Seen: Progress on the Rowayton Avenue lowering project. This is the site of a former tree, which had been perched on a hill.

NORWALK, Conn. – Here are some items of interest that were seen or heard recently in Norwalk:

Words of wisdom from a vet

Joseph Buono and Harold Mccready were hanging out in front of their largely-dormant Cedar Street businesses recently, enjoying the sun as they watched a construction crew work on granite curbing, reminiscing on their long lives.

Buono, who said he was one of “Mussolini’s boys” — a member of the army sent to school to be trained as a technician — said the Americans landed in Italy in World War II, and took him and others aboard a minesweeper, where they spent the next four years. Then he came to America.

Mccready offered philosophical thoughts.

“The only war in my time, that I agree realistically we had to get into, was when Japan attacked Pearl Harbor. All the other wars that we have gotten involved in was none of our business,” he said, urging that the United States not get involved in Ukraine before moving on to thoughts about today’s youth.

“I am in a family of nine straight brothers and all of us did serve in the military. Back then it was routine – that’s another thing that we’ve done stupid in this country, was to discontinue the draft,” he said. “In my family, when you would reach 18 years old, you were physically and mentally examined. If you passed those tests you automatically were drafted into a branch of our service. Today no one is drafted any more. You’ve got to volunteer to go in. If the draft was still on you wouldn’t have as many young people in prison as you do now. They’d be in the military.”

 

Passing the buck in a moment of luck equals four times the benefit

Norwalk was lucky several years ago to get Colonial Village converted to Section 8 housing, Norwalk Housing Authority Executive Director Curtis Law said recently.

“The first proposal, they were going to convert 50 units,” he said. “I said, ‘That’s a good idea. Why don’t we have a meeting and you’ll come down and explain to them which units will get replaced.’ (They said) ‘Hold on Mr. Law, we will look into this.’ (They said) ‘Well, we can probably do 100.’ I said, ‘That’s great. You come down and look at what you’re going to do…’ We ended up getting 200 units.”

 

Taking baby steps

Law said that, in a month or two, the Housing Authority would have to think about reorganizing.
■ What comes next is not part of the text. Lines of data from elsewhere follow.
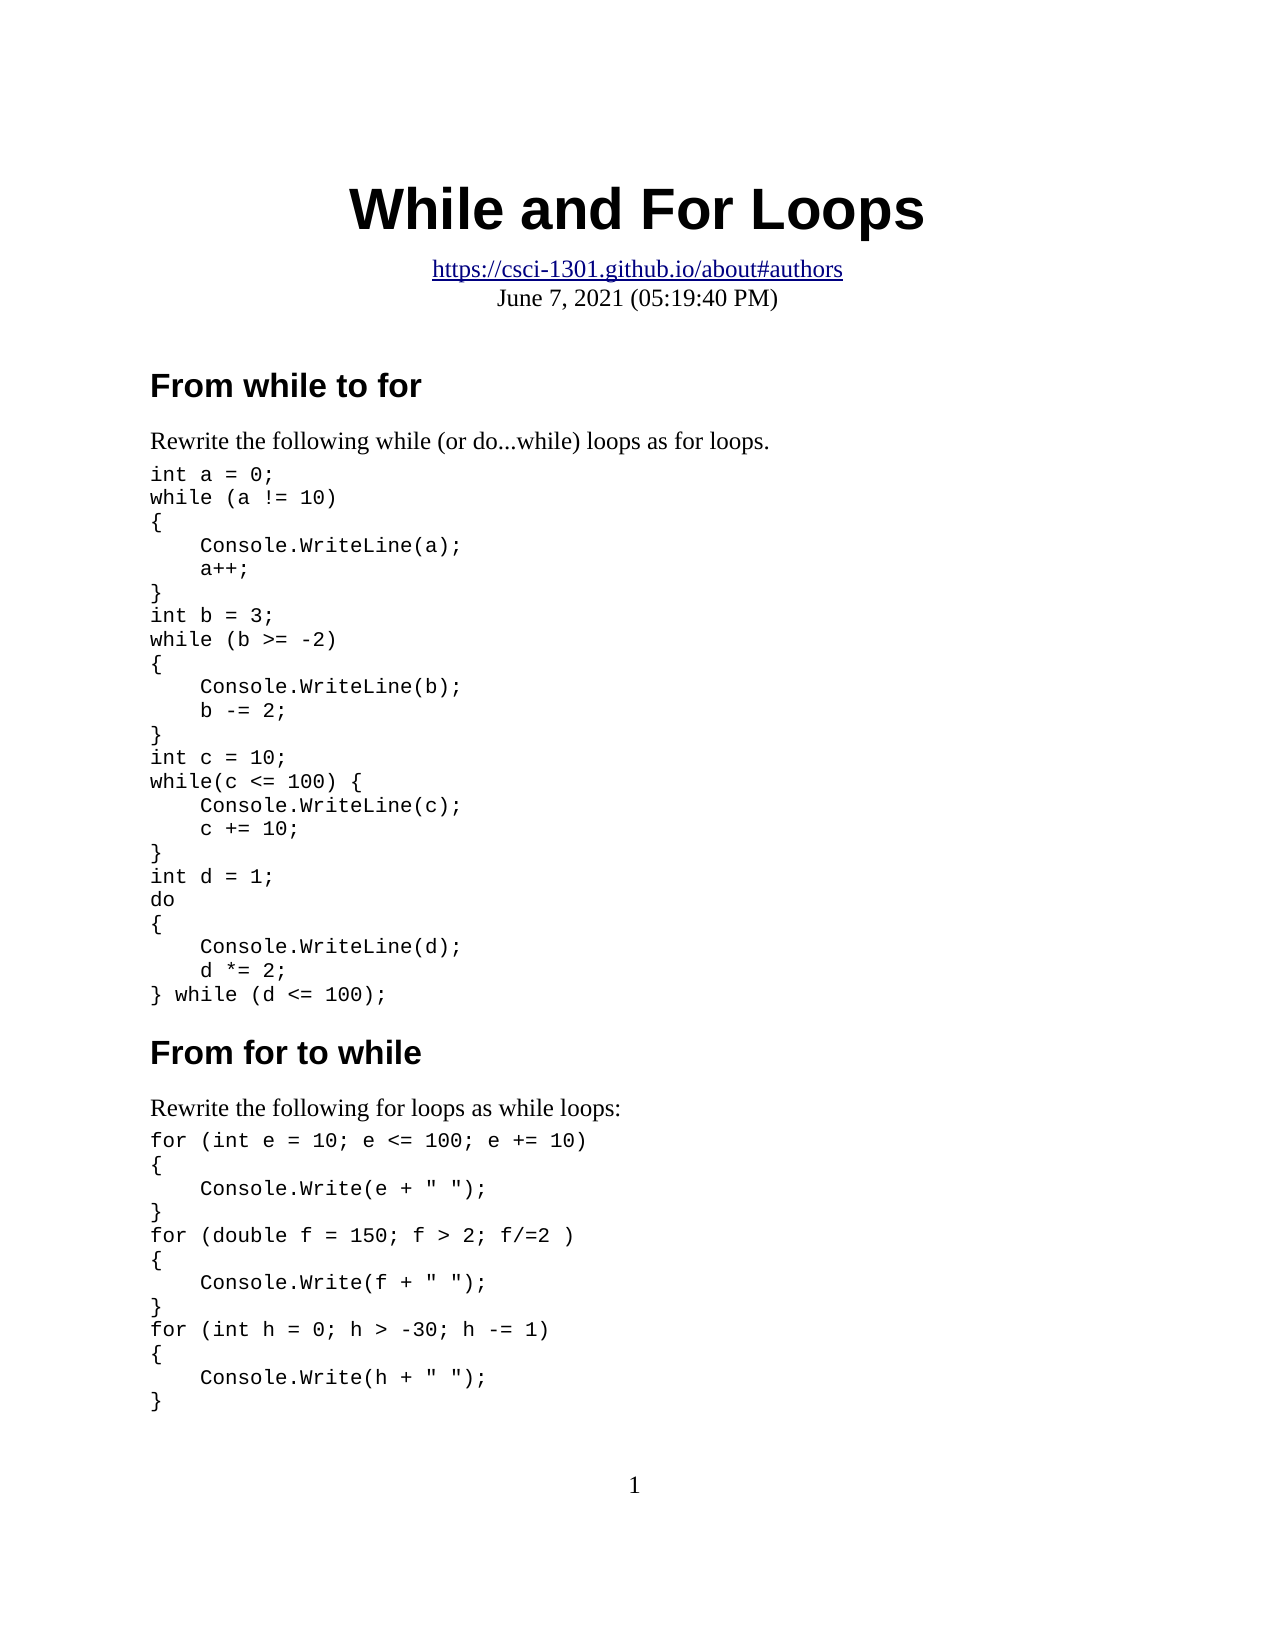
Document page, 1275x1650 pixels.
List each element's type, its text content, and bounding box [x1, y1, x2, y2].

text Rewrite the following for loops as while loops: [150, 1093, 1125, 1121]
text { [150, 511, 1125, 534]
text while(c <= 100) { [150, 771, 1125, 795]
text int d = 1; [150, 866, 1125, 889]
text https://csci-1301.github.io/about#authors [150, 254, 1125, 283]
subtitle From while to for [150, 366, 1125, 404]
text } [150, 582, 1125, 606]
text June 7, 2021 (05:19:40 PM) [150, 283, 1125, 312]
text c += 10; [150, 818, 1125, 842]
text } [150, 724, 1125, 747]
text Console.WriteLine(d); [150, 937, 1125, 960]
text int a = 0; [150, 464, 1125, 487]
text for (double f = 150; f > 2; f/=2 ) [150, 1225, 1125, 1248]
text d *= 2; [150, 960, 1125, 984]
text Console.WriteLine(a); [150, 534, 1125, 558]
text for (int e = 10; e <= 100; e += 10) [150, 1130, 1125, 1154]
text for (int h = 0; h > -30; h -= 1) [150, 1319, 1125, 1343]
subtitle From for to while [150, 1032, 1125, 1071]
text } while (d <= 100); [150, 984, 1125, 1007]
text { [150, 1343, 1125, 1367]
text do [150, 889, 1125, 913]
text int b = 3; [150, 606, 1125, 629]
text a++; [150, 558, 1125, 582]
text Console.Write(h + " "); [150, 1367, 1125, 1390]
text } [150, 1296, 1125, 1319]
text while (a != 10) [150, 487, 1125, 511]
text Console.Write(e + " "); [150, 1178, 1125, 1201]
text int c = 10; [150, 747, 1125, 771]
text { [150, 653, 1125, 676]
text { [150, 1248, 1125, 1272]
text Console.WriteLine(b); [150, 676, 1125, 700]
text Console.Write(f + " "); [150, 1272, 1125, 1296]
text while (b >= -2) [150, 629, 1125, 653]
text Rewrite the following while (or do...while) loops as for loops. [150, 426, 1125, 455]
text b -= 2; [150, 700, 1125, 724]
text } [150, 1201, 1125, 1225]
text { [150, 913, 1125, 937]
text Console.WriteLine(c); [150, 795, 1125, 818]
text } [150, 1390, 1125, 1414]
text { [150, 1154, 1125, 1178]
text } [150, 842, 1125, 866]
title While and For Loops [150, 175, 1125, 242]
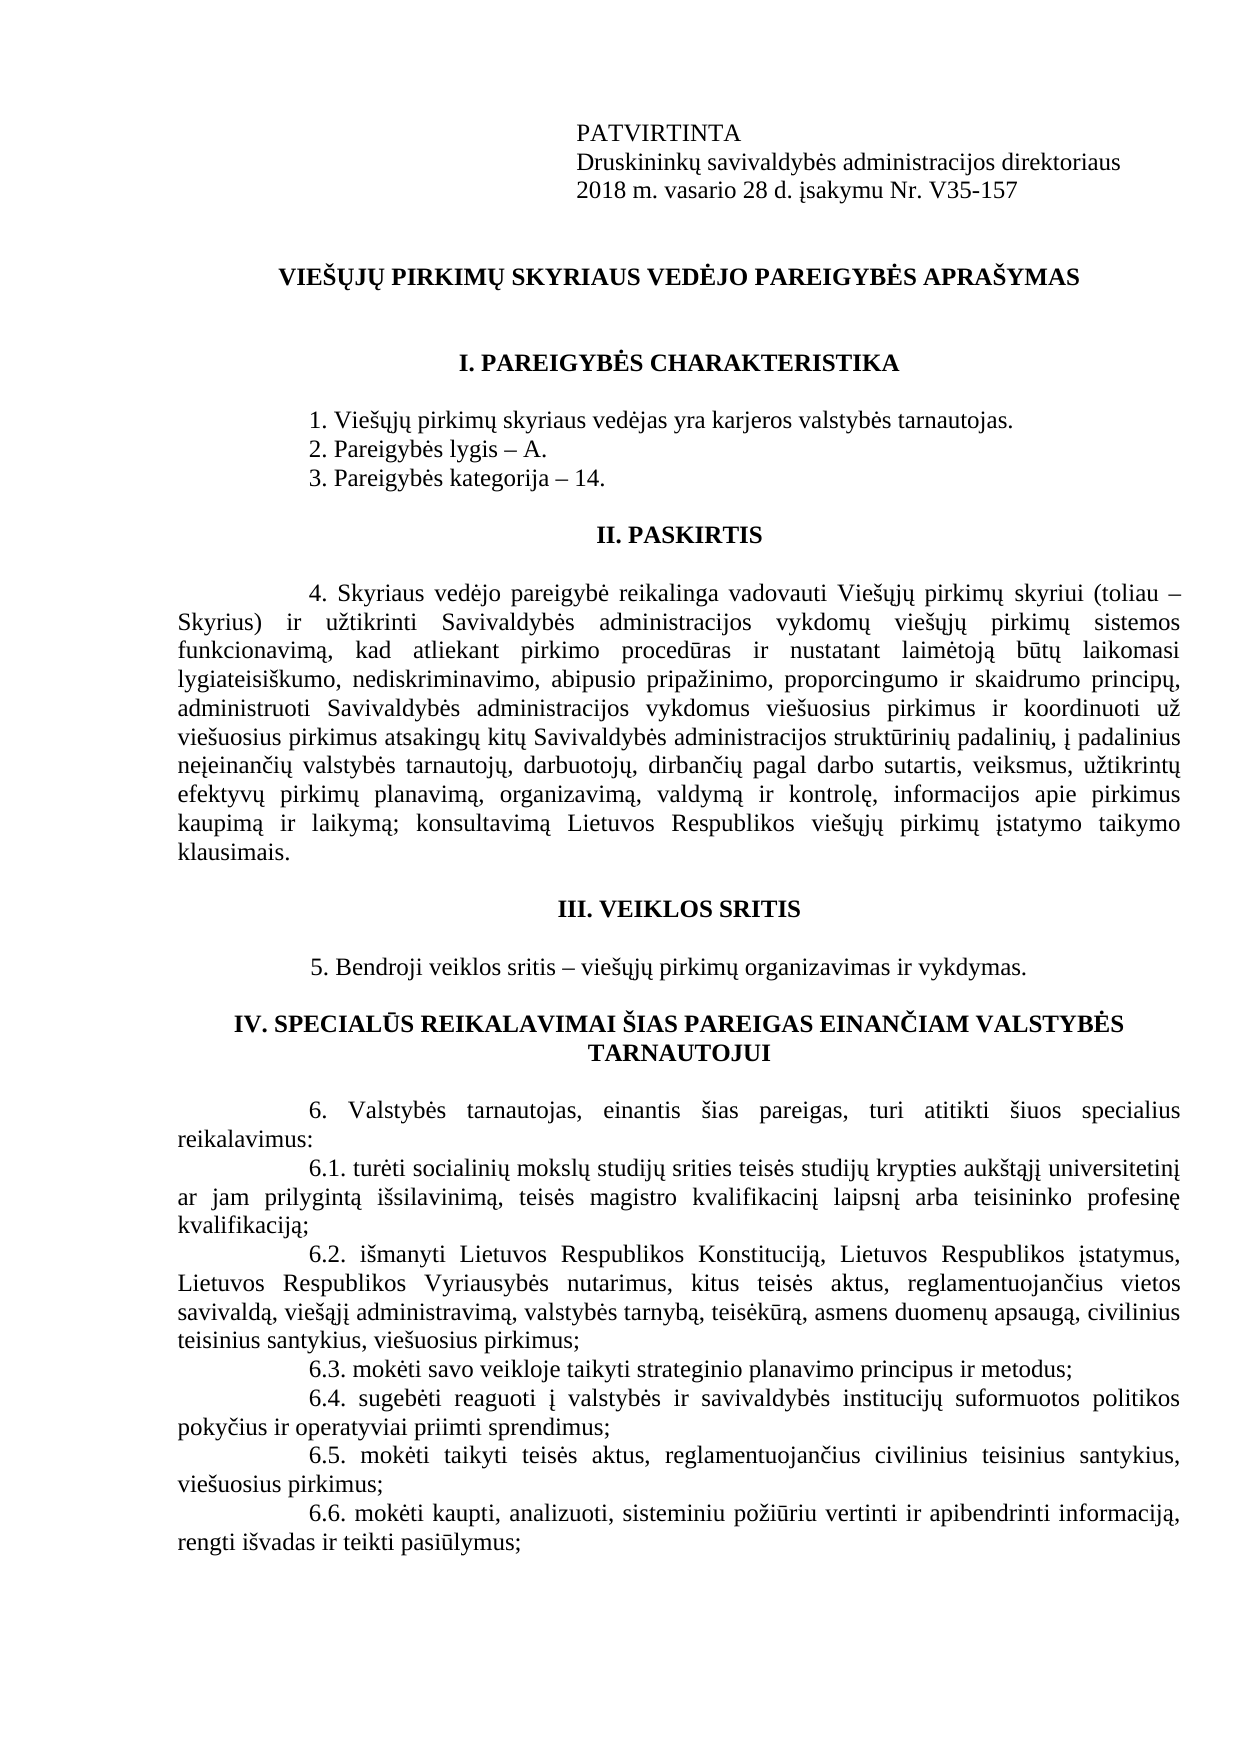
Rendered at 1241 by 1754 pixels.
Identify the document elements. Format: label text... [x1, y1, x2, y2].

text 3. Pareigybės kategorija – 14. [177, 463, 1181, 492]
text 6.2. išmanyti Lietuvos Respublikos Konstituciją, Lietuvos Respublikos įstatymus, Lietuvos Respublikos Vyriausybės nutarimus, kitus teisės aktus, reglamentuojančius vietos savivaldą, viešąjį administravimą, valstybės tarnybą, teisėkūrą, asmens duomenų apsaugą, civilinius teisinius santykius, viešuosius pirkimus; [177, 1239, 1181, 1354]
text VIEŠŲJŲ PIRKIMŲ SKYRIAUS VEDĖJO PAREIGYBĖS APRAŠYMAS [177, 262, 1181, 291]
text 6.6. mokėti kaupti, analizuoti, sisteminiu požiūriu vertinti ir apibendrinti informaciją, rengti išvadas ir teikti pasiūlymus; [177, 1498, 1181, 1556]
text 1. Viešųjų pirkimų skyriaus vedėjas yra karjeros valstybės tarnautojas. [177, 406, 1181, 434]
text 2. Pareigybės lygis – A. [177, 434, 1181, 463]
text I. PAREIGYBĖS CHARAKTERISTIKA [177, 348, 1181, 377]
text 4. Skyriaus vedėjo pareigybė reikalinga vadovauti Viešųjų pirkimų skyriui (toliau – Skyrius) ir užtikrinti Savivaldybės administracijos vykdomų viešųjų pirkimų sistemos funkcionavimą, kad atliekant pirkimo procedūras ir nustatant laimėtoją būtų laikomasi lygiateisiškumo, nediskriminavimo, abipusio pripažinimo, proporcingumo ir skaidrumo principų, administruoti Savivaldybės administracijos vykdomus viešuosius pirkimus ir koordinuoti už viešuosius pirkimus atsakingų kitų Savivaldybės administracijos struktūrinių padalinių, į padalinius neįeinančių valstybės tarnautojų, darbuotojų, dirbančių pagal darbo sutartis, veiksmus, užtikrintų efektyvų pirkimų planavimą, organizavimą, valdymą ir kontrolę, informacijos apie pirkimus kaupimą ir laikymą; konsultavimą Lietuvos Respublikos viešųjų pirkimų įstatymo taikymo klausimais. [177, 578, 1181, 866]
text PATVIRTINTA [177, 118, 1181, 147]
text 6.1. turėti socialinių mokslų studijų srities teisės studijų krypties aukštąjį universitetinį ar jam prilygintą išsilavinimą, teisės magistro kvalifikacinį laipsnį arba teisininko profesinę kvalifikaciją; [177, 1153, 1181, 1239]
text 6.5. mokėti taikyti teisės aktus, reglamentuojančius civilinius teisinius santykius, viešuosius pirkimus; [177, 1441, 1181, 1498]
text IV. SPECIALŪS REIKALAVIMAI ŠIAS PAREIGAS EINANČIAM VALSTYBĖS TARNAUTOJUI [177, 1009, 1181, 1067]
text Druskininkų savivaldybės administracijos direktoriaus [177, 147, 1181, 176]
text 2018 m. vasario 28 d. įsakymu Nr. V35-157 [177, 176, 1181, 204]
text II. PASKIRTIS [177, 521, 1181, 549]
text 5. Bendroji veiklos sritis – viešųjų pirkimų organizavimas ir vykdymas. [177, 952, 1181, 981]
text 6. Valstybės tarnautojas, einantis šias pareigas, turi atitikti šiuos specialius reikalavimus: [177, 1096, 1181, 1153]
text 6.4. sugebėti reaguoti į valstybės ir savivaldybės institucijų suformuotos politikos pokyčius ir operatyviai priimti sprendimus; [177, 1383, 1181, 1441]
text III. VEIKLOS SRITIS [177, 894, 1181, 923]
text 6.3. mokėti savo veikloje taikyti strateginio planavimo principus ir metodus; [177, 1354, 1181, 1383]

“We are maxed out,” he said. “What we don’t want to do is not do a good job on the things that we are doing. So we want someone to come and take a look at what we are doing and what it is going to take to keep doing. This may be a heavy burden. There are other things that other folks are looking to the Housing Authority might do as a result of the demise of NEON. When you look around, I don’t know if it’s good or bad but we are still standing.”